「よくぞ つくってくれた。」
~販売店の喜びの声に心が震えた。
2007年秋、4年の開発期間を経て、満を持して寒冷地仕様エアコン『ズバ暖 霧ヶ峰』は発売された。
「反応は良かったですね。とくに売り手の方々には...」
当時、『ズバ暖 霧ヶ峰』の営業担当だった白井達也は振り返る。オール電化が人気を集める中、電気暖房を提案したくても蓄熱暖房機ぐらいしか選択肢がないという状況で、効率の良いヒートポンプの暖房機は諸手を上げて歓迎された。
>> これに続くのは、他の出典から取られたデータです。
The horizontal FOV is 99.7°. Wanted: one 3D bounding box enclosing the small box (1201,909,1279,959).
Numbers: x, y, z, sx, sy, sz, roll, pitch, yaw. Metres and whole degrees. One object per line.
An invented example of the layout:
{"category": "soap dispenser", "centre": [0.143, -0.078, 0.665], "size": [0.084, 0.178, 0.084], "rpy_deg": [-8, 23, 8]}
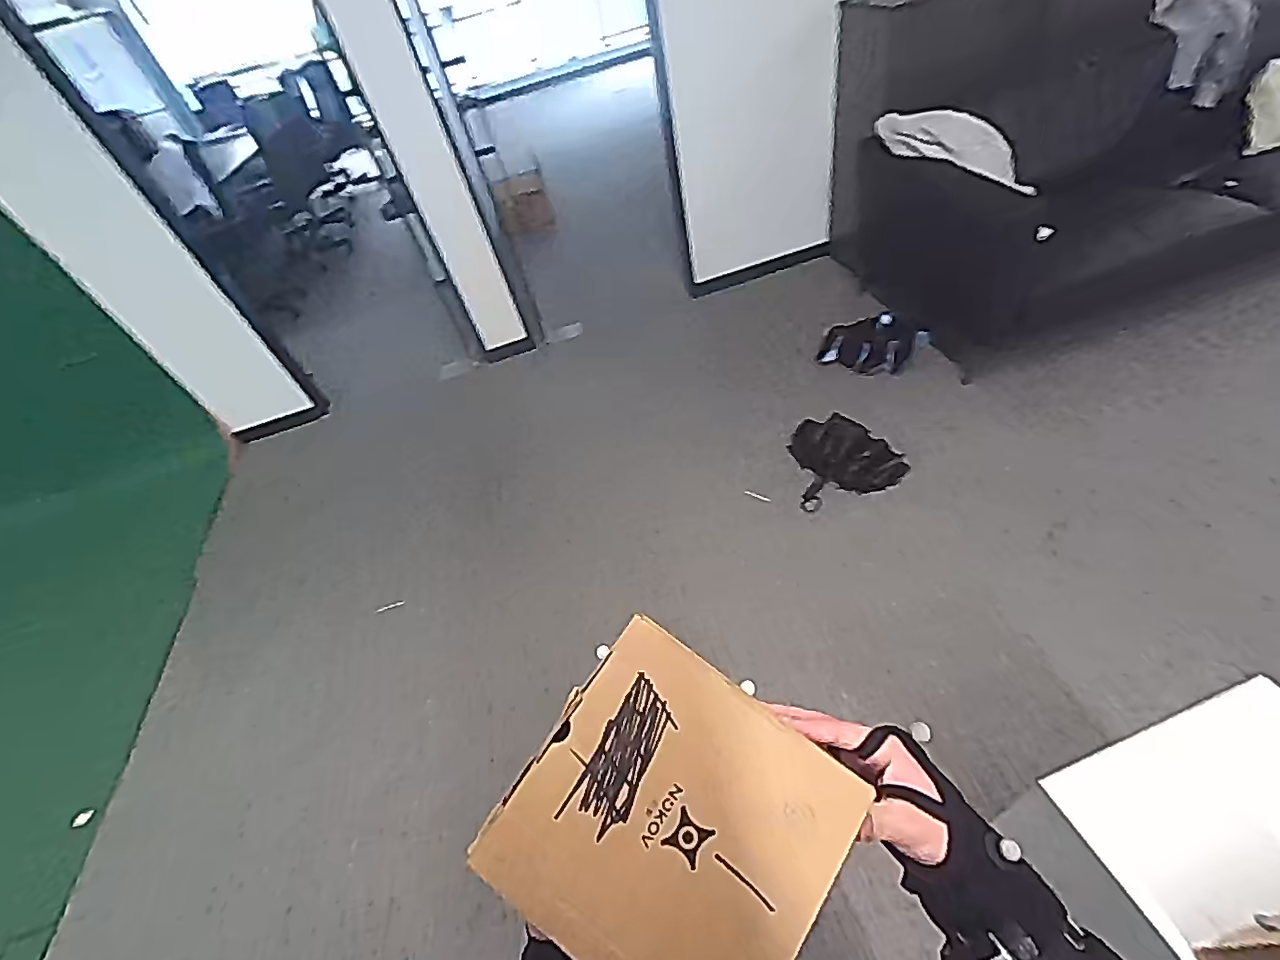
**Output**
{"category": "small box", "centre": [0.737, 0.540, 0.540], "size": [0.179, 0.176, 0.168], "rpy_deg": [-18, 47, -5]}
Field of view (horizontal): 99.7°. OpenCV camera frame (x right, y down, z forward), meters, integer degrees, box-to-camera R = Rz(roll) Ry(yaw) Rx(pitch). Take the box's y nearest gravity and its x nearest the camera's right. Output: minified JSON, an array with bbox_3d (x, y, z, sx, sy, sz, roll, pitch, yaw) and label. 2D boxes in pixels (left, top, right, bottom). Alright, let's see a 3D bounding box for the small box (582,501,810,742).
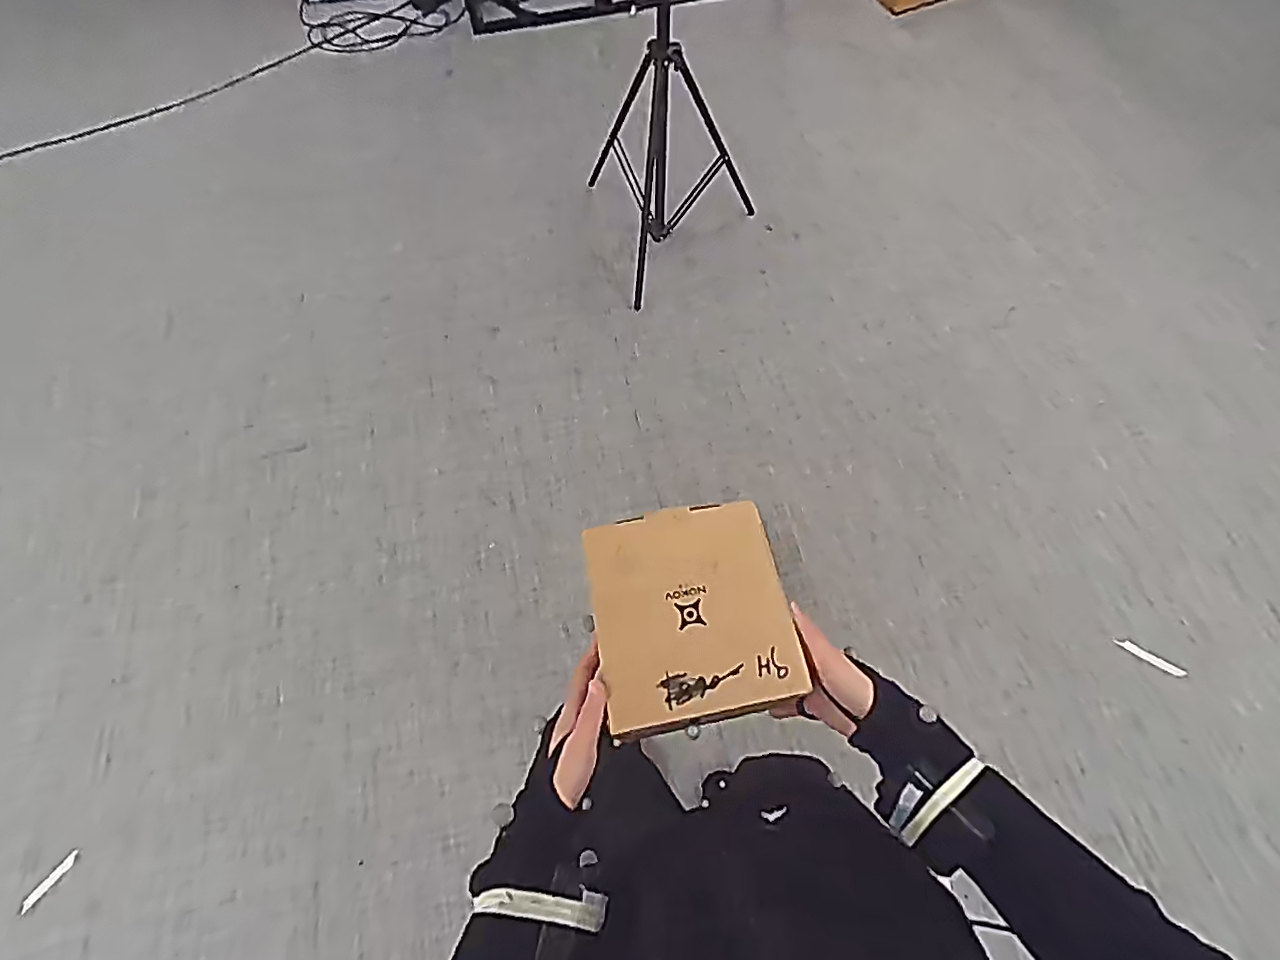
[{"bbox_3d":[0.039,0.144,0.528,0.168,0.176,0.179,-10,63,-5],"label":"small box"}]
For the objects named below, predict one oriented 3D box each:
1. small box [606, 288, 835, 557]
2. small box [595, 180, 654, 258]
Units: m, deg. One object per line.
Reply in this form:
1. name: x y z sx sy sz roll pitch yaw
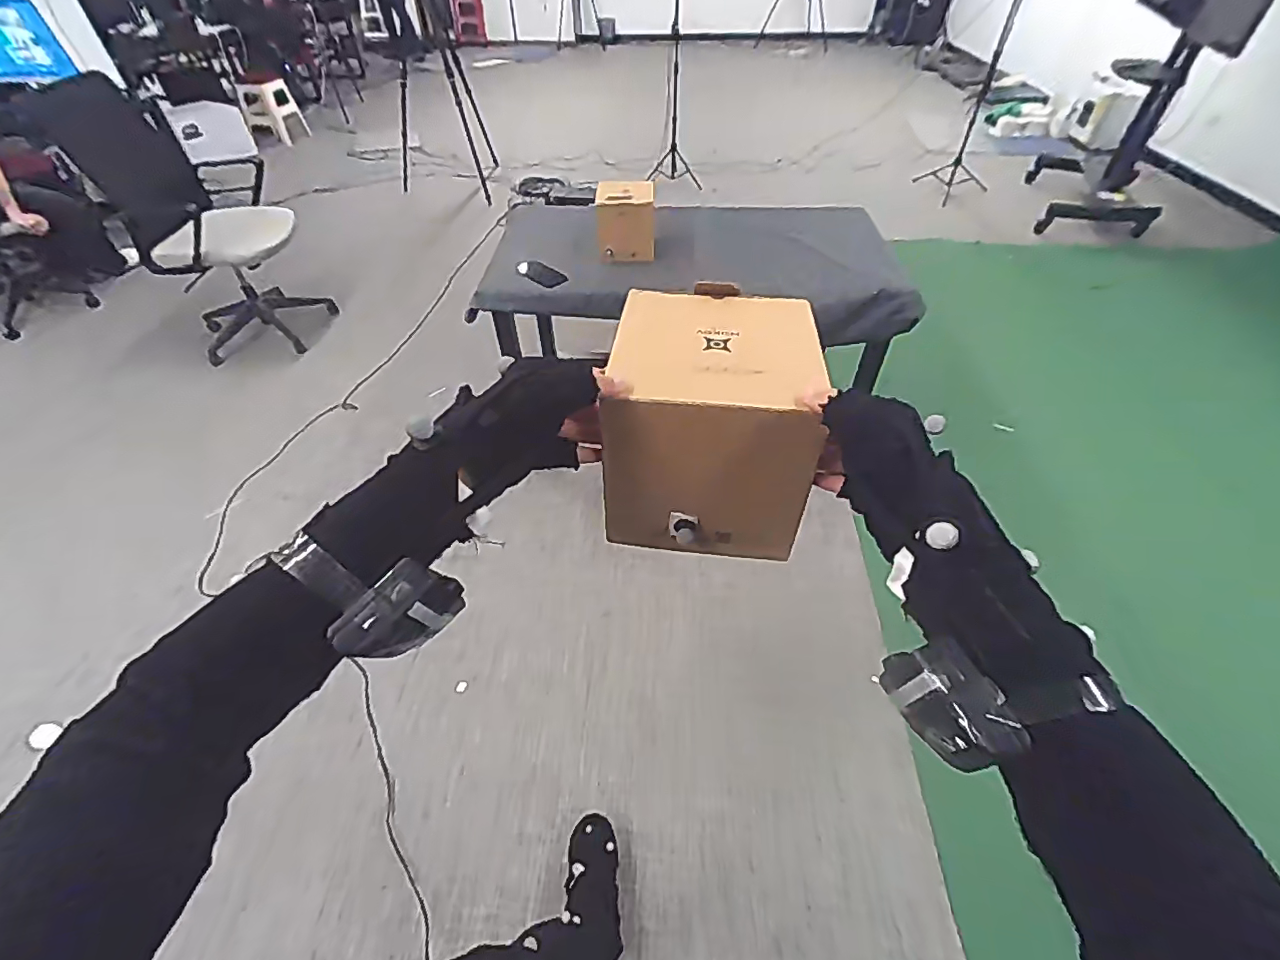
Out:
1. small box: 0.064 -0.054 0.496 0.168 0.176 0.179 4 46 4
2. small box: -0.041 -0.776 1.611 0.168 0.176 0.179 0 46 0
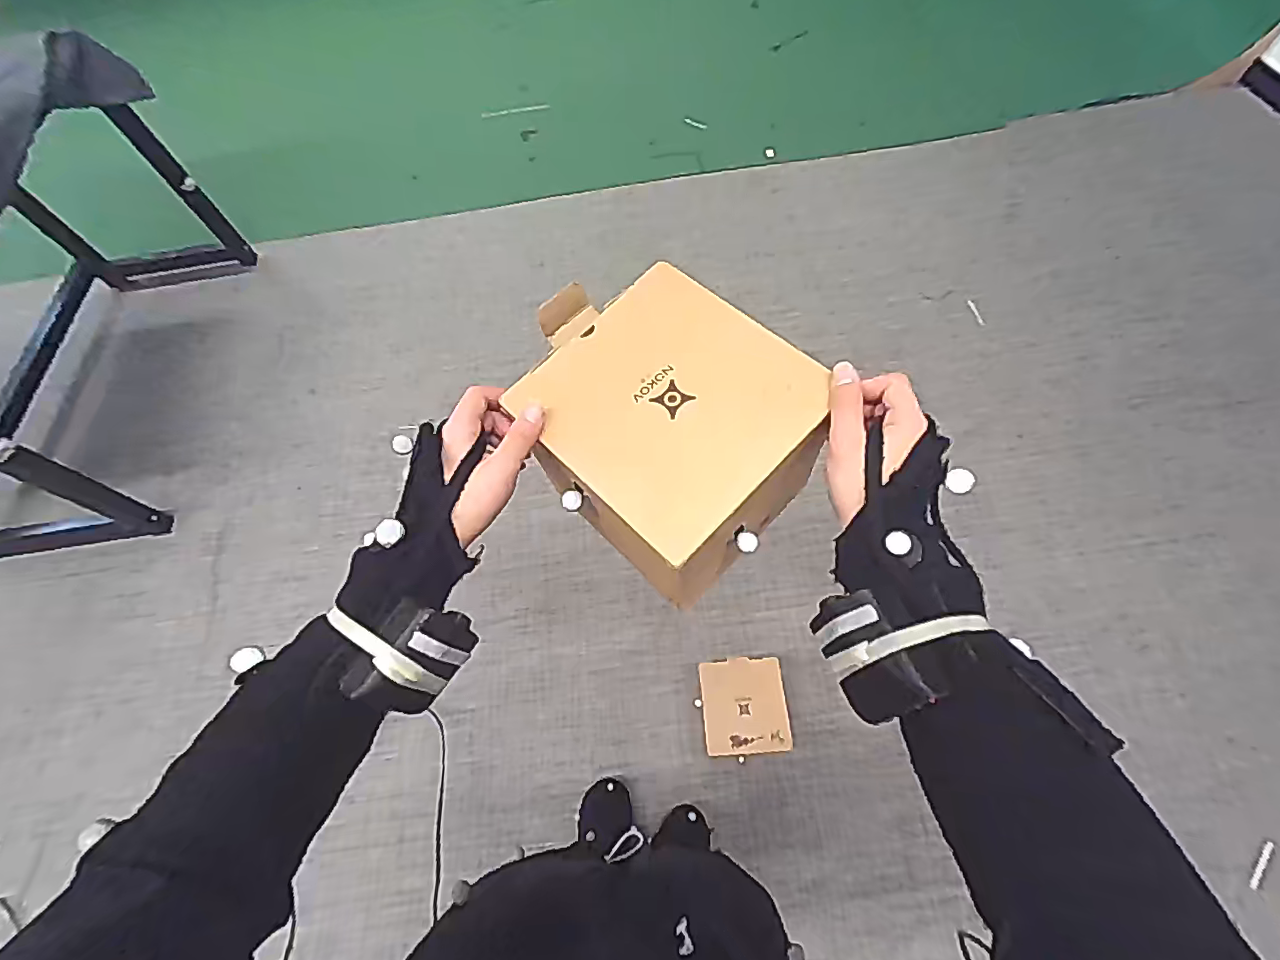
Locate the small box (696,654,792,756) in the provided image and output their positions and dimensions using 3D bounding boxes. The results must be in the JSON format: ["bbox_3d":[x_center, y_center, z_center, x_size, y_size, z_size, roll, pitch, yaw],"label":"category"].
[{"bbox_3d":[0.208,0.475,1.135,0.168,0.176,0.179,-5,61,2],"label":"small box"}]
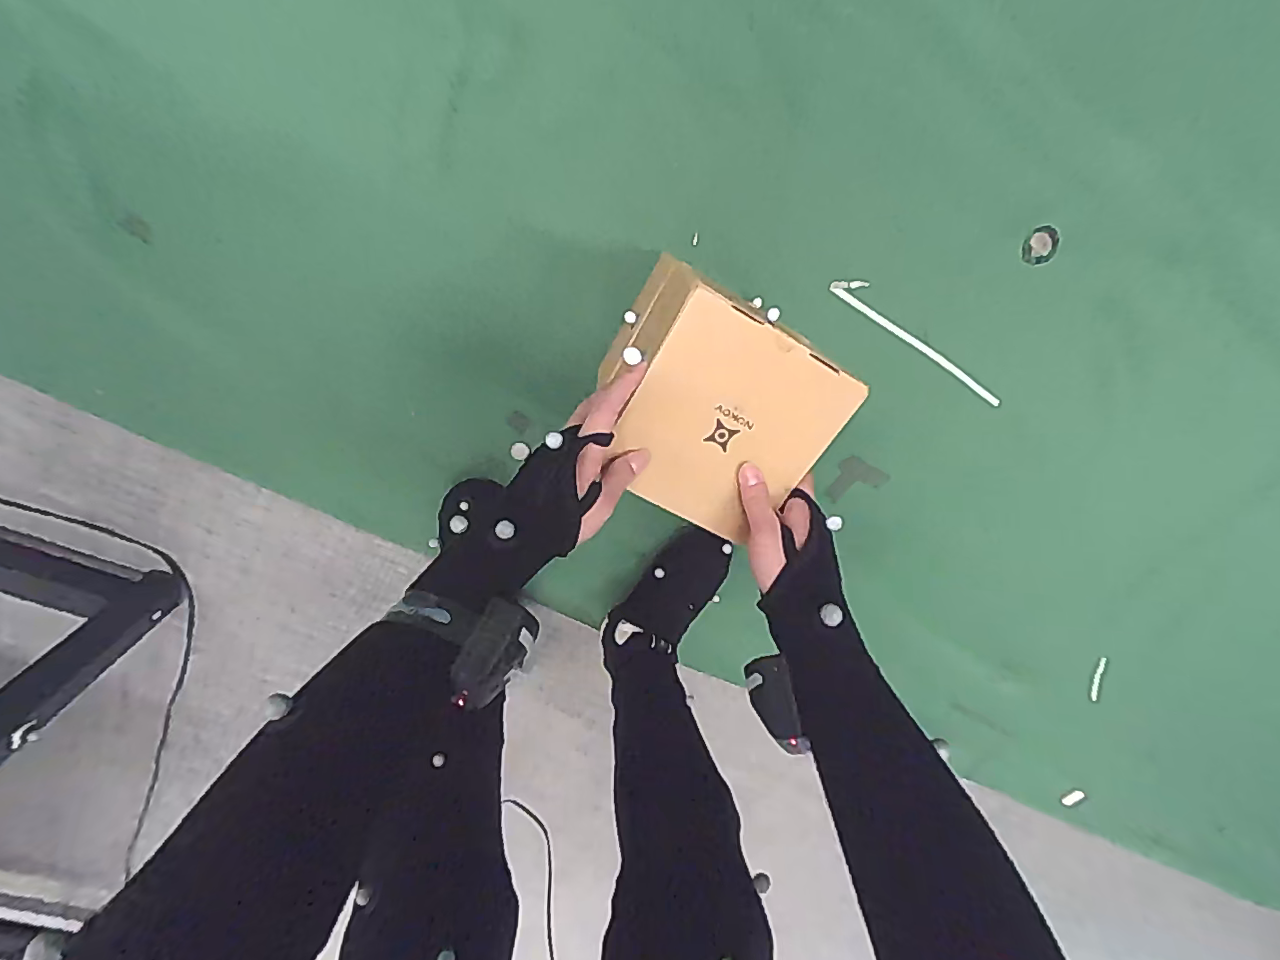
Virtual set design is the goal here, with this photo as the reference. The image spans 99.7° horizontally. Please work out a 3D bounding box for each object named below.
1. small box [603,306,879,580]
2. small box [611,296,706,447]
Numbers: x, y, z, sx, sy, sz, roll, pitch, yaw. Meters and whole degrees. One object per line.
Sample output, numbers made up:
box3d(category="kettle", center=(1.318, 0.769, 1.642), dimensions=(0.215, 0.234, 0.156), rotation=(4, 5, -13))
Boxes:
box3d(category="small box", center=(0.081, -0.045, 0.514), dimensions=(0.168, 0.176, 0.179), rotation=(26, 109, -11))
box3d(category="small box", center=(0.076, -0.107, 0.663), dimensions=(0.168, 0.176, 0.179), rotation=(26, 111, -10))

「よくぞつくってくれた」の声に、開発担当の山下の胸も熱くなった。
北国から全国へと広がった『ズバ暖 霧ヶ峰』
「ホントに使えるの?それ。」 ~エアコン暖房は半信半疑。
だが一方で、「燃焼暖房が常識」の北国に暮らす人々にとっては、エアコン暖房などまったく未知のもの。「それってほんとに暖まるの?」「エアコンなんか暖房には使えないでしょ」。興味はあっても半信半疑の反応だった。
ファンがファンを育てる。
~そして『ズバ暖』の輪は大きく広がった。
対して、営業部、販売店はスクラムを組んでこのイメージ払拭に挑んでいく。
まず、『ズバ暖』ファンになったのは、直接メーカーの話を聞ける売り手の人たちだった。説明会では、山下も白井も何度も現地に赴き、寒冷地仕様の『ズバ暖』には今までのエアコンとはまったく違う技術が入っていることを、丁寧に説明していった。もちろん、デモ運転(※1)により圧倒的な暖房性能を体感してもらうことも忘れなかった。そこで興味を持った人々は、まず自宅のエアコンを『ズバ暖』に変え、その暖房能力に魅了される。
「いやあ、嘘みたいに暖まる。使えるわ。」「これなら自信持ってすすめられるよ。」といった声が、白井の耳にも数多く届くようになった。
自らが『ズバ暖』ファンになった売り手の説得力ある言葉に、エンドユーザーの間にも『ズバ暖』ファンの輪は徐々に、大きく広がっていった。いつしか、暖房は燃焼系という常識は少しずつ覆され、「北国の冬には『ズバ暖』」という評価が定着。販売台数は毎年二桁増を記録し、確かな手応えとともに、着実に売り上げは伸びていった。
北海道・東北地区担当となり、さらに現地に足繁く通うようになった白井。その目に、家々の外に並ぶ灯油タンクが、エアコンの室外機に置き換わっていくさまが映るようになった。徐々に、しかしはっきりと変わっていく北国の日常風景に、白井は深い満足感を覚えた。
※1. 室外機をアクリルケースに閉じ込め、その中で-12℃~18℃の低温環境を再現。その条件下で、エアコンから出る60℃の温風を体感してもらった。